• EXERCISE OBJECTIVE
Copy each record below exactly, please, and leave its pictures out.

• DATA EXTRACT
=== Begin Enclosure ===

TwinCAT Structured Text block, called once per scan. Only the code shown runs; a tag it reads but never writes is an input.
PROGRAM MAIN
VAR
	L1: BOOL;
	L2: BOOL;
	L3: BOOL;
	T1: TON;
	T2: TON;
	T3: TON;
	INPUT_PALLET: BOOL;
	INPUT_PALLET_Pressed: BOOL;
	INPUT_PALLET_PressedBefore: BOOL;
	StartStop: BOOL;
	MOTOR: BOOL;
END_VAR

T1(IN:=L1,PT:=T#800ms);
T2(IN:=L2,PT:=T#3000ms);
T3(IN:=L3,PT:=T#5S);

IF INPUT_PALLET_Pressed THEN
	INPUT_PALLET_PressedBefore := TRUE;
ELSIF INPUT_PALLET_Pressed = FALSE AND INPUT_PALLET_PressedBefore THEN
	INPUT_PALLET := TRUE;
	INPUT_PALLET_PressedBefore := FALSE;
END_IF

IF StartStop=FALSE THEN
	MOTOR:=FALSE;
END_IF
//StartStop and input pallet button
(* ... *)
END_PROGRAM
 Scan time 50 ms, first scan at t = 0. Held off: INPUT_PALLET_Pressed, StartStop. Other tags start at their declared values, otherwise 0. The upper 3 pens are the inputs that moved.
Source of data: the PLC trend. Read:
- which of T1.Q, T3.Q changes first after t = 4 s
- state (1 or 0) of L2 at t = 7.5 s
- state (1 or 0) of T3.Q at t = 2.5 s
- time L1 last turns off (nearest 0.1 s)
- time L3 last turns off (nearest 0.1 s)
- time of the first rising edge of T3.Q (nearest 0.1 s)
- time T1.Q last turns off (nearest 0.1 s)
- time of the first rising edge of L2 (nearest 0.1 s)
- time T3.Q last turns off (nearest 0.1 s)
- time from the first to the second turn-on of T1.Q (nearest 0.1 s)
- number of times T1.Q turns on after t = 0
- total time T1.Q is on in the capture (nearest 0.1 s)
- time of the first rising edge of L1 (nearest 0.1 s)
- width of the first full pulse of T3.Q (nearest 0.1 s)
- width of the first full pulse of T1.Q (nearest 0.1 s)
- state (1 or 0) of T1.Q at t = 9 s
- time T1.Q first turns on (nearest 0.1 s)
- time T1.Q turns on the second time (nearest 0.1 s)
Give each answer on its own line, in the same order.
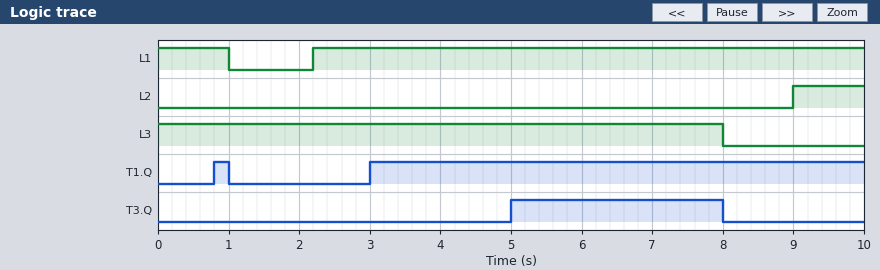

=== End Enclosure ===

• YOUR RESPONSE
TwinCAT Structured Text block, called once per scan. Only the code shown runs; a tag it reads but never writes is an input.
PROGRAM MAIN
VAR
	L1: BOOL;
	L2: BOOL;
	L3: BOOL;
	T1: TON;
	T2: TON;
	T3: TON;
	INPUT_PALLET: BOOL;
	INPUT_PALLET_Pressed: BOOL;
	INPUT_PALLET_PressedBefore: BOOL;
	StartStop: BOOL;
	MOTOR: BOOL;
END_VAR

T1(IN:=L1,PT:=T#800ms);
T2(IN:=L2,PT:=T#3000ms);
T3(IN:=L3,PT:=T#5S);

IF INPUT_PALLET_Pressed THEN
	INPUT_PALLET_PressedBefore := TRUE;
ELSIF INPUT_PALLET_Pressed = FALSE AND INPUT_PALLET_PressedBefore THEN
	INPUT_PALLET := TRUE;
	INPUT_PALLET_PressedBefore := FALSE;
END_IF

IF StartStop=FALSE THEN
	MOTOR:=FALSE;
END_IF
//StartStop and input pallet button
(* ... *)
END_PROGRAM
 Scan time 50 ms, first scan at t = 0. Held off: INPUT_PALLET_Pressed, StartStop. Other tags start at their declared values, otherwise 0. The upper 3 pens are the inputs that moved.
Source of data: the PLC trend. Read:
- which of T1.Q, T3.Q changes first after t = 4 s
- state (1 or 0) of L2 at t = 7.5 s
- state (1 or 0) of T3.Q at t = 2.5 s
- time L1 last turns off (nearest 0.1 s)
- time L3 last turns off (nearest 0.1 s)
- time of the first rising edge of T3.Q (nearest 0.1 s)
- time T1.Q last turns off (nearest 0.1 s)
- time of the first rising edge of L2 (nearest 0.1 s)
- time T3.Q last turns off (nearest 0.1 s)
- time from the first to the second turn-on of T1.Q (nearest 0.1 s)
- number of times T1.Q turns on after t = 0
- total time T1.Q is on in the capture (nearest 0.1 s)
- time of the first rising edge of L1 (nearest 0.1 s)
- width of the first full pulse of T3.Q (nearest 0.1 s)
- width of the first full pulse of T1.Q (nearest 0.1 s)
- state (1 or 0) of T1.Q at t = 9 s
- time T1.Q first turns on (nearest 0.1 s)
- time T1.Q turns on the second time (nearest 0.1 s)
Give each answer on its own line, in the same order.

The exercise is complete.